All the analysis was conducted using R 4.2.1. Specifically, the R package bigsnpr was used to calculate the AD PRS33. We used a two-sided P value < 0.05 and Bonferroni corrections for multiple comparison (UK Biobank significance level = 0.05/8 = 6.25E−03, while ADNI significant level = 0.05/9 = 5.6E−03).
Results
Over 276,000 participants were included in the association analysis of AD PRS and cognitive function in the UK Biobank. The mean age was 57 years (SD = 8 years) and the mean education years was 14.0. Participants from ADNI were generally older with a mean age of 75 years (SD = 6 years) for the cognitively normal group and 72 years (SD = 7 years) for the MCI group. As expected, the percentage of APOE4 carriers was higher in the MCI group (46%) compared with the cognitively normal group (28%). More detailed data on demographic characteristics of the UK Biobank and ADNI participants can be found in Tables 1 and 2, respectively.

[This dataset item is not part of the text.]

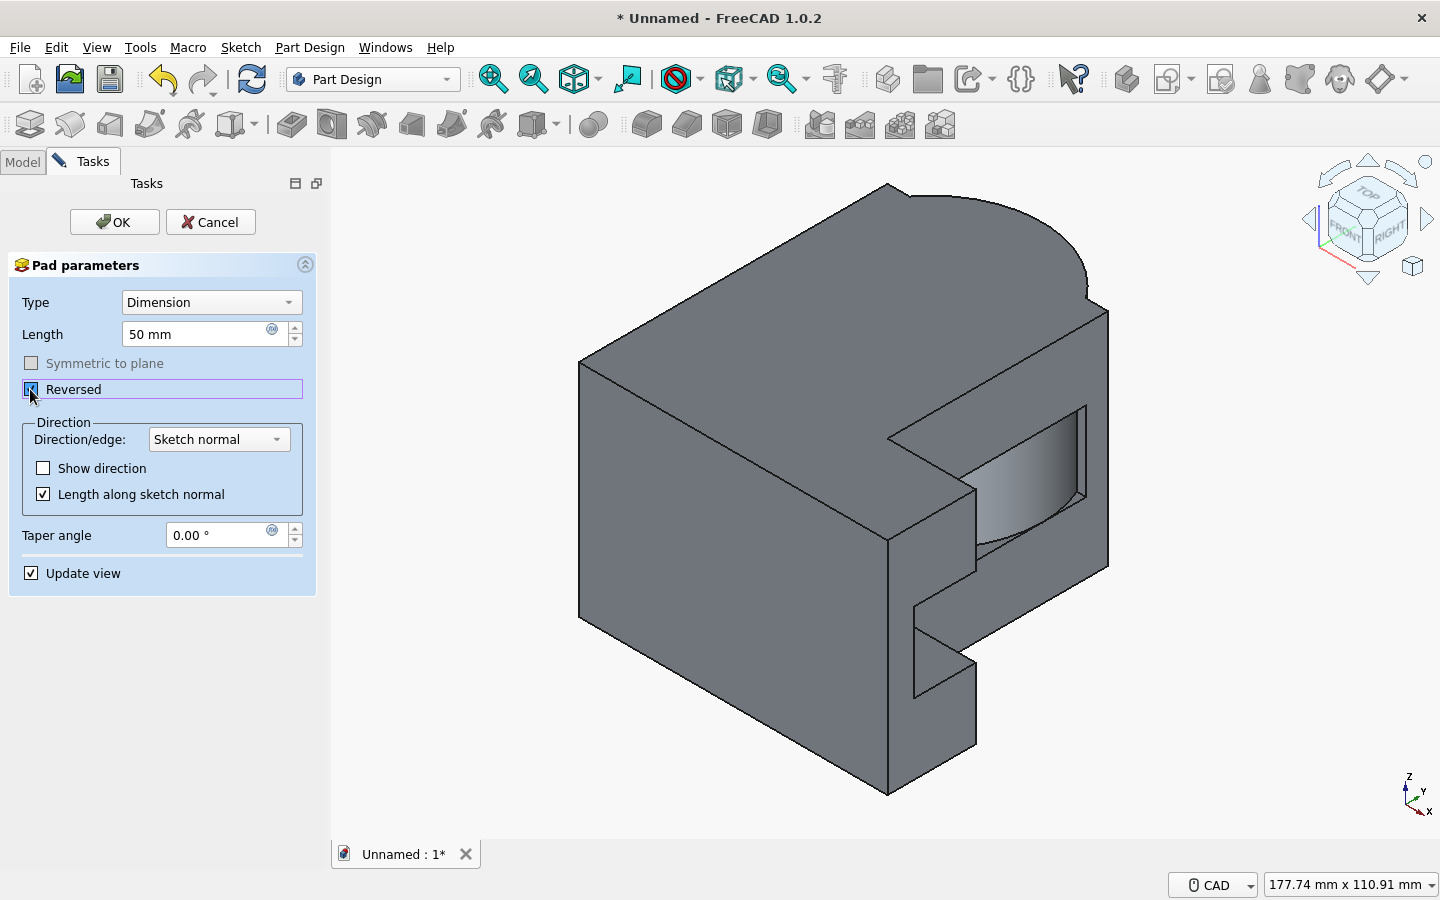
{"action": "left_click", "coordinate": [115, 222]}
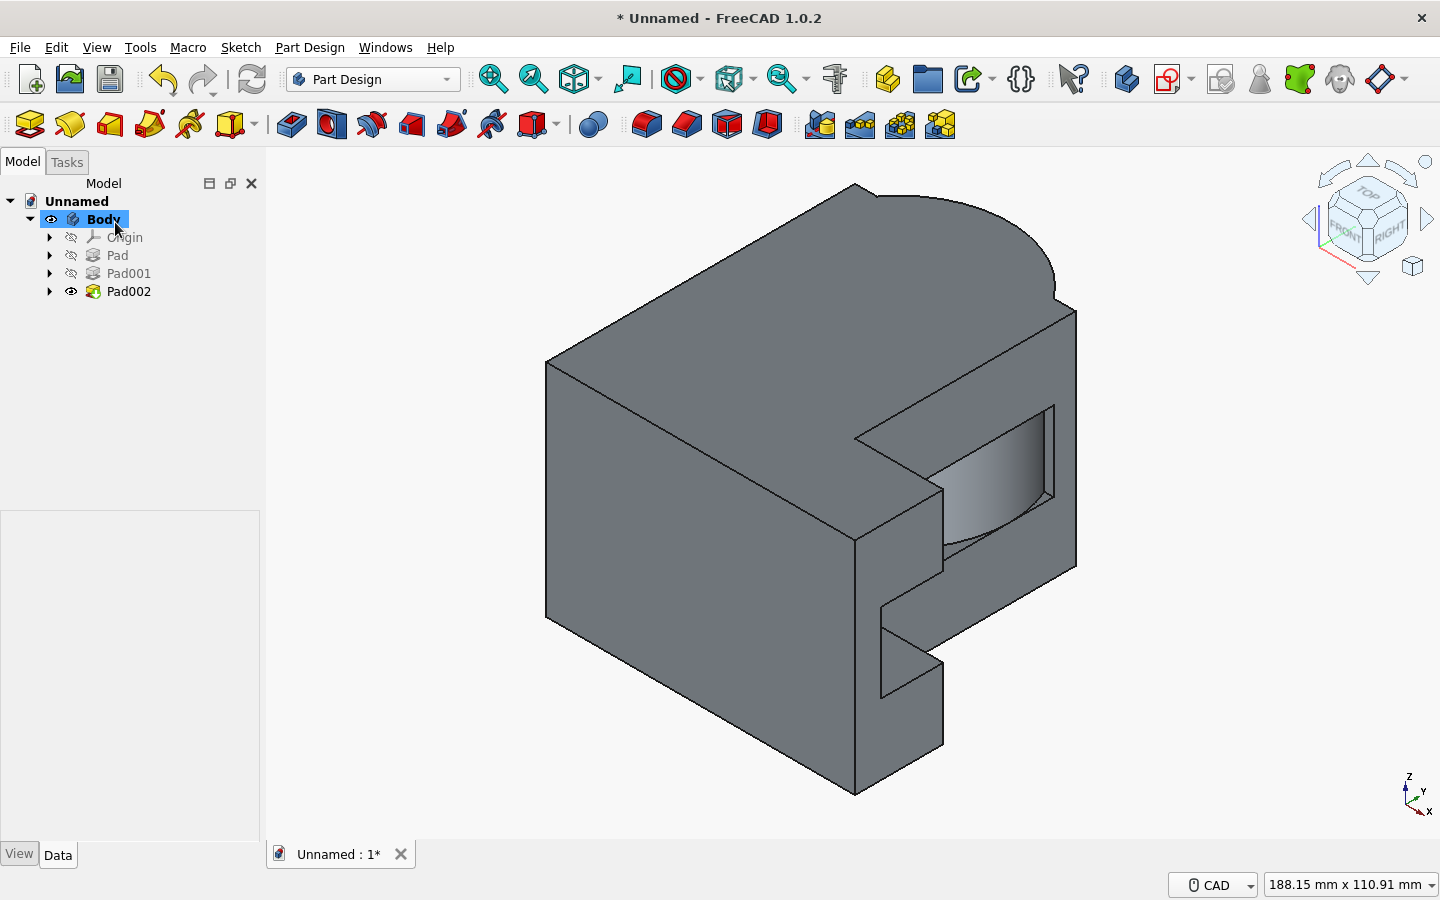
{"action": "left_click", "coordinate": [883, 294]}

The AD PRS was significantly associated with six of the eight cognitive measures (the exceptions were fluid intelligence and numeric memory) based on the models without APOE4 adjustment. Two cognitive measures (tower rearranging and trail making B) attenuated to null when we additionally adjusted for APOE4 (Table 3). The rest of the measurements (matrix pattern completion (β = − 0.022, P value = 0.003), pairs matching (β = − 0.014, P value = 1.66E−10), symbol digit substitution (β = − 0.017, P value = 1.08E−05), and reaction time (β = − 0.010, P value = 1.19E−06)) were significantly associated with AD PRS even with APOE4 adjustment. The association directions were all negative across varied cognitive measures indicating the higher AD PRS the worse cognitive performance.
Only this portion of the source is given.